[DATA EXTRACTS]:
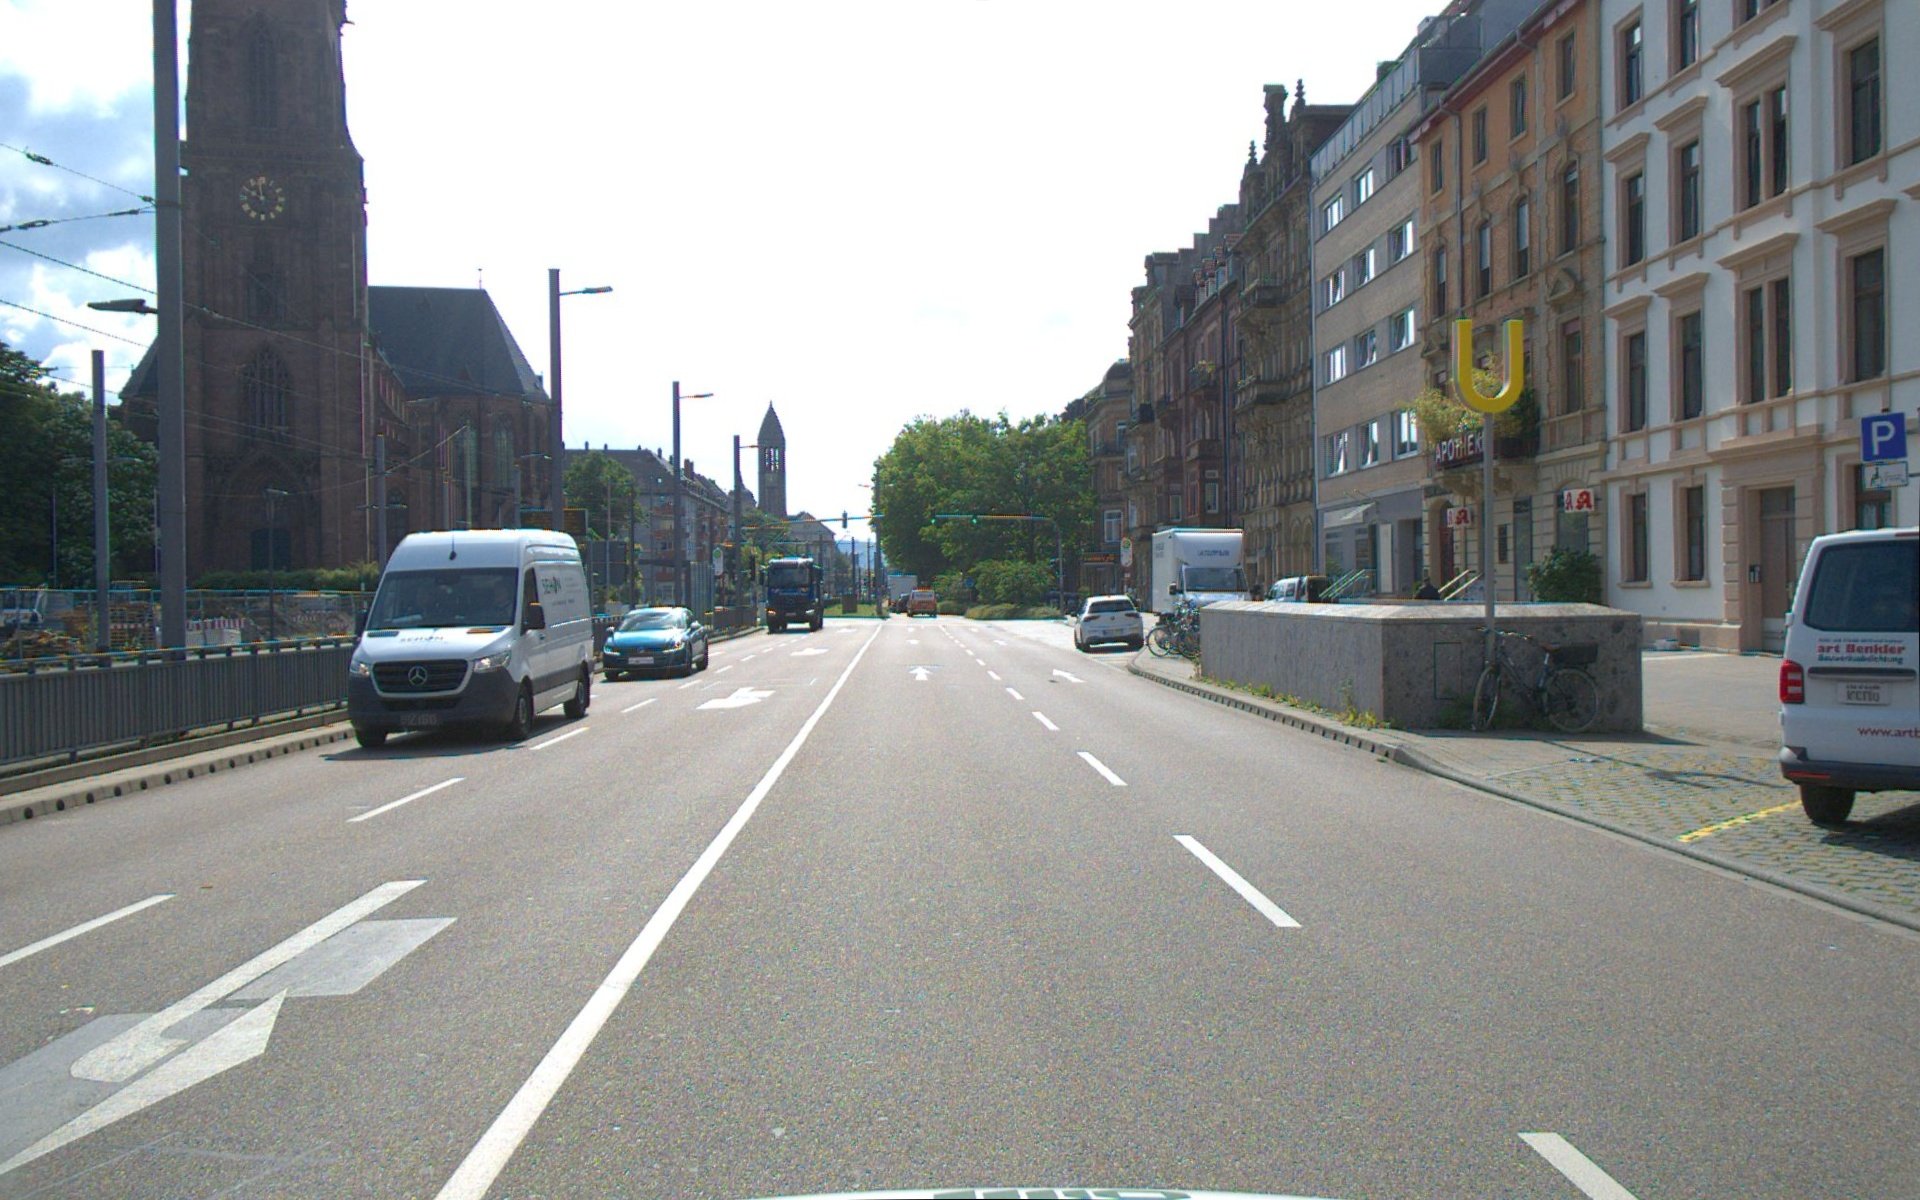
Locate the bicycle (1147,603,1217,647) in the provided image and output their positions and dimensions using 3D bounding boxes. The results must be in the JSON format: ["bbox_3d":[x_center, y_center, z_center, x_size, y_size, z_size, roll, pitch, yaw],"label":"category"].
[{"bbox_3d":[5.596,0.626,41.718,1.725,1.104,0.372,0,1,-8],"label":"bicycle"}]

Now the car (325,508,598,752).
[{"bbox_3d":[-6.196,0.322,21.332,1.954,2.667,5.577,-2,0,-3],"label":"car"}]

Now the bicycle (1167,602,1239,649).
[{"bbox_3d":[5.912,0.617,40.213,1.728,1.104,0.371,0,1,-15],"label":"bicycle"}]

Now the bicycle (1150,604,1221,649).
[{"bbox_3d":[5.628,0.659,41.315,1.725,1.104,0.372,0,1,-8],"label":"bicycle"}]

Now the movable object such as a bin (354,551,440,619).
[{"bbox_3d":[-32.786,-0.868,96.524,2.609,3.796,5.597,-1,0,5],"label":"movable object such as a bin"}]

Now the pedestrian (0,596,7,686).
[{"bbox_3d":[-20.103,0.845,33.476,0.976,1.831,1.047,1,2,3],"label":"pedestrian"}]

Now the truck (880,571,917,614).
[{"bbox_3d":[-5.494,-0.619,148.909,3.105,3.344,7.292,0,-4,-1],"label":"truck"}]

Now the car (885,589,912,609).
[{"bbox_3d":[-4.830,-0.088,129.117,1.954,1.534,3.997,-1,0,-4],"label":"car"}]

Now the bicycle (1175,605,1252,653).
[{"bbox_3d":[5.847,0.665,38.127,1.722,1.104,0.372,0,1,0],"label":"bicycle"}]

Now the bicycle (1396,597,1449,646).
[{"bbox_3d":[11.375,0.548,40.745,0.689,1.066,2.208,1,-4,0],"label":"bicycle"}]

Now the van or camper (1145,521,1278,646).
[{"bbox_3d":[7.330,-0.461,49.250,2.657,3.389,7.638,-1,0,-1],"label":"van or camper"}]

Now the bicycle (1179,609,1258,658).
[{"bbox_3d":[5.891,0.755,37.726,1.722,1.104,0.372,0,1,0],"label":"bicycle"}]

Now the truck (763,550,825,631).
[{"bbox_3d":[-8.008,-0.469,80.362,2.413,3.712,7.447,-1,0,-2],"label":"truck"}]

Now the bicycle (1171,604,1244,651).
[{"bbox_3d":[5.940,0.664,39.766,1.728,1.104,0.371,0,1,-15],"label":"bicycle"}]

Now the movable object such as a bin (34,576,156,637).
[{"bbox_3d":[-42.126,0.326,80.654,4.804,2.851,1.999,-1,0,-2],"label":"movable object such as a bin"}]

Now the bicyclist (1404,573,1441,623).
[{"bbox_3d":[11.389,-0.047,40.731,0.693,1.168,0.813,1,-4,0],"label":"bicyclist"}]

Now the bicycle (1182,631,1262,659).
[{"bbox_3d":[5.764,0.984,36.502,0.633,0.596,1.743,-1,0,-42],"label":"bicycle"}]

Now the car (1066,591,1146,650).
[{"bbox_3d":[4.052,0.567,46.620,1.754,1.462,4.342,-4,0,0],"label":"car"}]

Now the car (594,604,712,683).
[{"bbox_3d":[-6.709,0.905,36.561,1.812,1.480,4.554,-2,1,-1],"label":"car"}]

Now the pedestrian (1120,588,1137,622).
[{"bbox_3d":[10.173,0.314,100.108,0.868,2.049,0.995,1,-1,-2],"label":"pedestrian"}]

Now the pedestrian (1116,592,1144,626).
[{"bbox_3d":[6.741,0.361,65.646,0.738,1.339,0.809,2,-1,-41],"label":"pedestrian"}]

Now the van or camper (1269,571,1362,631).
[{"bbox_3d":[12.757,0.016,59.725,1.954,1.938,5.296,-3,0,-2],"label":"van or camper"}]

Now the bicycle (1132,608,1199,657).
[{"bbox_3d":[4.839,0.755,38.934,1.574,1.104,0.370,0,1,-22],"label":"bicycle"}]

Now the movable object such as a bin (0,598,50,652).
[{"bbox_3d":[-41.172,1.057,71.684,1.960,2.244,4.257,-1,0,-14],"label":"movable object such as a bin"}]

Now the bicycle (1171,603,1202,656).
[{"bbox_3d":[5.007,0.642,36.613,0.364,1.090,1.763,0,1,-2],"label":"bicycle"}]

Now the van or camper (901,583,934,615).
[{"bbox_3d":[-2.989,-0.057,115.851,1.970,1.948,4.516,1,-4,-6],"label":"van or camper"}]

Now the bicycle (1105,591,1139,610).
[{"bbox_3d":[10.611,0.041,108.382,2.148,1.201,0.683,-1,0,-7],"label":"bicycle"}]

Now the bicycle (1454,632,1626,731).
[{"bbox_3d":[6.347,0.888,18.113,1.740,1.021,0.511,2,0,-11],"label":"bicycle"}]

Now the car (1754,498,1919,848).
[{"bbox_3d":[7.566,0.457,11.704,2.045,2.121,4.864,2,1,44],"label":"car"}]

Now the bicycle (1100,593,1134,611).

[TASK BRIEF]:
Without the pictures, write out every entry precisely as it appears.

[TASK ANSWER]:
Locate the bicycle (1147,603,1217,647) in the provided image and output their positions and dimensions using 3D bounding boxes. The results must be in the JSON format: ["bbox_3d":[x_center, y_center, z_center, x_size, y_size, z_size, roll, pitch, yaw],"label":"category"].
[{"bbox_3d":[5.596,0.626,41.718,1.725,1.104,0.372,0,1,-8],"label":"bicycle"}]

Now the car (325,508,598,752).
[{"bbox_3d":[-6.196,0.322,21.332,1.954,2.667,5.577,-2,0,-3],"label":"car"}]

Now the bicycle (1167,602,1239,649).
[{"bbox_3d":[5.912,0.617,40.213,1.728,1.104,0.371,0,1,-15],"label":"bicycle"}]

Now the bicycle (1150,604,1221,649).
[{"bbox_3d":[5.628,0.659,41.315,1.725,1.104,0.372,0,1,-8],"label":"bicycle"}]

Now the movable object such as a bin (354,551,440,619).
[{"bbox_3d":[-32.786,-0.868,96.524,2.609,3.796,5.597,-1,0,5],"label":"movable object such as a bin"}]

Now the pedestrian (0,596,7,686).
[{"bbox_3d":[-20.103,0.845,33.476,0.976,1.831,1.047,1,2,3],"label":"pedestrian"}]

Now the truck (880,571,917,614).
[{"bbox_3d":[-5.494,-0.619,148.909,3.105,3.344,7.292,0,-4,-1],"label":"truck"}]

Now the car (885,589,912,609).
[{"bbox_3d":[-4.830,-0.088,129.117,1.954,1.534,3.997,-1,0,-4],"label":"car"}]

Now the bicycle (1175,605,1252,653).
[{"bbox_3d":[5.847,0.665,38.127,1.722,1.104,0.372,0,1,0],"label":"bicycle"}]

Now the bicycle (1396,597,1449,646).
[{"bbox_3d":[11.375,0.548,40.745,0.689,1.066,2.208,1,-4,0],"label":"bicycle"}]

Now the van or camper (1145,521,1278,646).
[{"bbox_3d":[7.330,-0.461,49.250,2.657,3.389,7.638,-1,0,-1],"label":"van or camper"}]

Now the bicycle (1179,609,1258,658).
[{"bbox_3d":[5.891,0.755,37.726,1.722,1.104,0.372,0,1,0],"label":"bicycle"}]

Now the truck (763,550,825,631).
[{"bbox_3d":[-8.008,-0.469,80.362,2.413,3.712,7.447,-1,0,-2],"label":"truck"}]

Now the bicycle (1171,604,1244,651).
[{"bbox_3d":[5.940,0.664,39.766,1.728,1.104,0.371,0,1,-15],"label":"bicycle"}]

Now the movable object such as a bin (34,576,156,637).
[{"bbox_3d":[-42.126,0.326,80.654,4.804,2.851,1.999,-1,0,-2],"label":"movable object such as a bin"}]

Now the bicyclist (1404,573,1441,623).
[{"bbox_3d":[11.389,-0.047,40.731,0.693,1.168,0.813,1,-4,0],"label":"bicyclist"}]

Now the bicycle (1182,631,1262,659).
[{"bbox_3d":[5.764,0.984,36.502,0.633,0.596,1.743,-1,0,-42],"label":"bicycle"}]

Now the car (1066,591,1146,650).
[{"bbox_3d":[4.052,0.567,46.620,1.754,1.462,4.342,-4,0,0],"label":"car"}]

Now the car (594,604,712,683).
[{"bbox_3d":[-6.709,0.905,36.561,1.812,1.480,4.554,-2,1,-1],"label":"car"}]

Now the pedestrian (1120,588,1137,622).
[{"bbox_3d":[10.173,0.314,100.108,0.868,2.049,0.995,1,-1,-2],"label":"pedestrian"}]

Now the pedestrian (1116,592,1144,626).
[{"bbox_3d":[6.741,0.361,65.646,0.738,1.339,0.809,2,-1,-41],"label":"pedestrian"}]

Now the van or camper (1269,571,1362,631).
[{"bbox_3d":[12.757,0.016,59.725,1.954,1.938,5.296,-3,0,-2],"label":"van or camper"}]

Now the bicycle (1132,608,1199,657).
[{"bbox_3d":[4.839,0.755,38.934,1.574,1.104,0.370,0,1,-22],"label":"bicycle"}]

Now the movable object such as a bin (0,598,50,652).
[{"bbox_3d":[-41.172,1.057,71.684,1.960,2.244,4.257,-1,0,-14],"label":"movable object such as a bin"}]

Now the bicycle (1171,603,1202,656).
[{"bbox_3d":[5.007,0.642,36.613,0.364,1.090,1.763,0,1,-2],"label":"bicycle"}]

Now the van or camper (901,583,934,615).
[{"bbox_3d":[-2.989,-0.057,115.851,1.970,1.948,4.516,1,-4,-6],"label":"van or camper"}]

Now the bicycle (1105,591,1139,610).
[{"bbox_3d":[10.611,0.041,108.382,2.148,1.201,0.683,-1,0,-7],"label":"bicycle"}]

Now the bicycle (1454,632,1626,731).
[{"bbox_3d":[6.347,0.888,18.113,1.740,1.021,0.511,2,0,-11],"label":"bicycle"}]

Now the car (1754,498,1919,848).
[{"bbox_3d":[7.566,0.457,11.704,2.045,2.121,4.864,2,1,44],"label":"car"}]

Now the bicycle (1100,593,1134,611).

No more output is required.